__WHAT TO PRODUCE__
Look below for the line containing "size: [0.376, 0.020, 0.247]"; write out that line and each one after it to the end, exactly, and nothing else.

====== RECORDS FOR THE EXERCISE ======

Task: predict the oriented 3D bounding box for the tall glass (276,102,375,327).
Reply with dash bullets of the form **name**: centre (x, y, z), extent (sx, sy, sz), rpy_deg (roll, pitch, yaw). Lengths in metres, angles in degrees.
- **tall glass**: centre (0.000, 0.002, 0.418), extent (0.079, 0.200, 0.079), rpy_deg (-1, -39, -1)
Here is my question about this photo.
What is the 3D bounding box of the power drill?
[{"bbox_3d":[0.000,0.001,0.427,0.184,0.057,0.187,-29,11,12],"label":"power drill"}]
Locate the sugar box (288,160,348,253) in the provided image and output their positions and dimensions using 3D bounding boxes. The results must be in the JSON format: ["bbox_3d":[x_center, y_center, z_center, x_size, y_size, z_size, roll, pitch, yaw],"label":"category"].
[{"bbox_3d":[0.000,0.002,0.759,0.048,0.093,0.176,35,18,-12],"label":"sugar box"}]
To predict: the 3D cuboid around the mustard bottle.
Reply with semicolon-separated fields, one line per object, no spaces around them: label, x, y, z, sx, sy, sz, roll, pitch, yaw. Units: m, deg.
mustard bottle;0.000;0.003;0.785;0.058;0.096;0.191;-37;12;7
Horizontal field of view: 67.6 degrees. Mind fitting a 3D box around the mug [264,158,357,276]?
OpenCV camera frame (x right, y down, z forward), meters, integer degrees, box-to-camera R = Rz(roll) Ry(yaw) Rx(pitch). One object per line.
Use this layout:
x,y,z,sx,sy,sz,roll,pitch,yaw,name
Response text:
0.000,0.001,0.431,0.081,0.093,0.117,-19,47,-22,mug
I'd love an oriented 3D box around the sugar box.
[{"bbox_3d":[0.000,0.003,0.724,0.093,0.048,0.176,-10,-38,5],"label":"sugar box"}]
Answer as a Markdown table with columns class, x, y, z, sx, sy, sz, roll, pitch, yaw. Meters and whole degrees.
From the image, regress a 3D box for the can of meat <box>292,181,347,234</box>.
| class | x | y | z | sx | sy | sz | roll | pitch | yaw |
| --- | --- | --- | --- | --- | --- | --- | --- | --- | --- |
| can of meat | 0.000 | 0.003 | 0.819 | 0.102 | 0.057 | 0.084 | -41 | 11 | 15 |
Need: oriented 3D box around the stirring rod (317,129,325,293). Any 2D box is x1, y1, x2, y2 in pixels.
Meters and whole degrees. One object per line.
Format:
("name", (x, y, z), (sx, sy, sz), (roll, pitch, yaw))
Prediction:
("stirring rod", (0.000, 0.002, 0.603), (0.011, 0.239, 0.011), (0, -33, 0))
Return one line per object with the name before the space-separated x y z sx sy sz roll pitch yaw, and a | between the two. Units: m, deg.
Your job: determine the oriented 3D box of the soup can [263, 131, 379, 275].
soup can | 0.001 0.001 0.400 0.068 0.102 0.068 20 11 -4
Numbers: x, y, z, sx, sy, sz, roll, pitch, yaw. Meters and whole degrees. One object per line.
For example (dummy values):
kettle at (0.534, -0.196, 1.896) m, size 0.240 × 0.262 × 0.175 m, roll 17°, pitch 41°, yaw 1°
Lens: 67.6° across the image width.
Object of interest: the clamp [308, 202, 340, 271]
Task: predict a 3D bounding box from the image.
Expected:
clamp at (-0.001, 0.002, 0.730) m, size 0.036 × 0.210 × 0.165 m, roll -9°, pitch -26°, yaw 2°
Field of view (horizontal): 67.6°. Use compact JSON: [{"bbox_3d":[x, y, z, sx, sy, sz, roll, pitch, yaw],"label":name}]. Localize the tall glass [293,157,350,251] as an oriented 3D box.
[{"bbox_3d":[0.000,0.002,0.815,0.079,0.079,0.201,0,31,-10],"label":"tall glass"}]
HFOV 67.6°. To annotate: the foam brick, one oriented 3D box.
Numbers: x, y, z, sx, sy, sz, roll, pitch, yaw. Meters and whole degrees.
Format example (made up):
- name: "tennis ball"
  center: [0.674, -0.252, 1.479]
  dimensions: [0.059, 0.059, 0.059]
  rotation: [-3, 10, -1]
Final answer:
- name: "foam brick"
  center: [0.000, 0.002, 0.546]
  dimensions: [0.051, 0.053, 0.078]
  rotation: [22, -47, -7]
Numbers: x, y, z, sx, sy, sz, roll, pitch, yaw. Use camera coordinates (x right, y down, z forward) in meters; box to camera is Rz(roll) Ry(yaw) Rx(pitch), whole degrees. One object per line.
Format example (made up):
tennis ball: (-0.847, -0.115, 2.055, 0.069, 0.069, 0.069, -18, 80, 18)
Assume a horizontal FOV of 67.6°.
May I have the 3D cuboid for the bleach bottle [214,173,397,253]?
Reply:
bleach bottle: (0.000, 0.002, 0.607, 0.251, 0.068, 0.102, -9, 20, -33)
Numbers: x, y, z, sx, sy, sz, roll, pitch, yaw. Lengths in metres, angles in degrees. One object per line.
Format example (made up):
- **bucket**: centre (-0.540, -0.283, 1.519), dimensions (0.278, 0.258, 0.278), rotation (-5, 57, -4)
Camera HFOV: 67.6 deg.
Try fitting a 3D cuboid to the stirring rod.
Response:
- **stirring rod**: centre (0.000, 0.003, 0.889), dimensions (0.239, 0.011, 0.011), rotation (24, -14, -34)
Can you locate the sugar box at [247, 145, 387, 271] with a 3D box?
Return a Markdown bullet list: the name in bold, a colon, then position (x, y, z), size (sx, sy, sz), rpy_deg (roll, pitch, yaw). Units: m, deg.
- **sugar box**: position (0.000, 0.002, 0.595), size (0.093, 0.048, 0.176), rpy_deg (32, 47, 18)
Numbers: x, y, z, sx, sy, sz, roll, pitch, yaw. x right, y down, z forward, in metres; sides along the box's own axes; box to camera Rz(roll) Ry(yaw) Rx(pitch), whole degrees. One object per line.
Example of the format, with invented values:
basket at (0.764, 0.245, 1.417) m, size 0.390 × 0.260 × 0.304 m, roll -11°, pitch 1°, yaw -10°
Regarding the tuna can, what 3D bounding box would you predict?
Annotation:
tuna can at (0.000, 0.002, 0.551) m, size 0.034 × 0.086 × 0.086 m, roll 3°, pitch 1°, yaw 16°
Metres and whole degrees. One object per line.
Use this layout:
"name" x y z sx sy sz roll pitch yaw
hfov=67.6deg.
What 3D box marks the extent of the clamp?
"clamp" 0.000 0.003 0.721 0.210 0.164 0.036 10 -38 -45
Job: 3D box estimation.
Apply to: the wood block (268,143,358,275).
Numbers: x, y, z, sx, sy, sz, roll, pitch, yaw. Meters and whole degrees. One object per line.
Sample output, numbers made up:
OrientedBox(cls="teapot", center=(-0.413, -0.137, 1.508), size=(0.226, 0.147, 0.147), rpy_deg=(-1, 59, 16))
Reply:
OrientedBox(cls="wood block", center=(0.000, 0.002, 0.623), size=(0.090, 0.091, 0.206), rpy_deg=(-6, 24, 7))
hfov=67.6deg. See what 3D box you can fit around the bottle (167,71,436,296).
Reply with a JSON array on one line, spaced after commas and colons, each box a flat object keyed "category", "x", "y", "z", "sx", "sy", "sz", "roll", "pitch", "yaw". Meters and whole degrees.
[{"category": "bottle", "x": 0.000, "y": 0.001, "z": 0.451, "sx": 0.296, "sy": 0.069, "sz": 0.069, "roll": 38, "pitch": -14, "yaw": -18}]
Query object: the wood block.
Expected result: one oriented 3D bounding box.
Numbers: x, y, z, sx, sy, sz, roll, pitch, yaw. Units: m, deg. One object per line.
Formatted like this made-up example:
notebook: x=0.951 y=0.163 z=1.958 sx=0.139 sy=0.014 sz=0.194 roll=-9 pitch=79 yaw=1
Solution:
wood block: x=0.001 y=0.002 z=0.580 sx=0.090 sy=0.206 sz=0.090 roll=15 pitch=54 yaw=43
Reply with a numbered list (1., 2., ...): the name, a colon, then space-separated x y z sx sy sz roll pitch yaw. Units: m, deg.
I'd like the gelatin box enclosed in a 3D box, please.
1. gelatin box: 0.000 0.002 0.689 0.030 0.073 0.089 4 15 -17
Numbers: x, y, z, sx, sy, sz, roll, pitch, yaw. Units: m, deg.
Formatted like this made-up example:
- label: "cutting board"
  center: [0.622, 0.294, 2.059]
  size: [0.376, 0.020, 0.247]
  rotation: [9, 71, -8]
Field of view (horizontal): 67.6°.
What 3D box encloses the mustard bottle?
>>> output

======

__THE ANSWER__
  size: [0.376, 0.020, 0.247]
  rotation: [9, 71, -8]
Field of view (horizontal): 67.6°.
What 3D box encloses the mustard bottle?
>>> output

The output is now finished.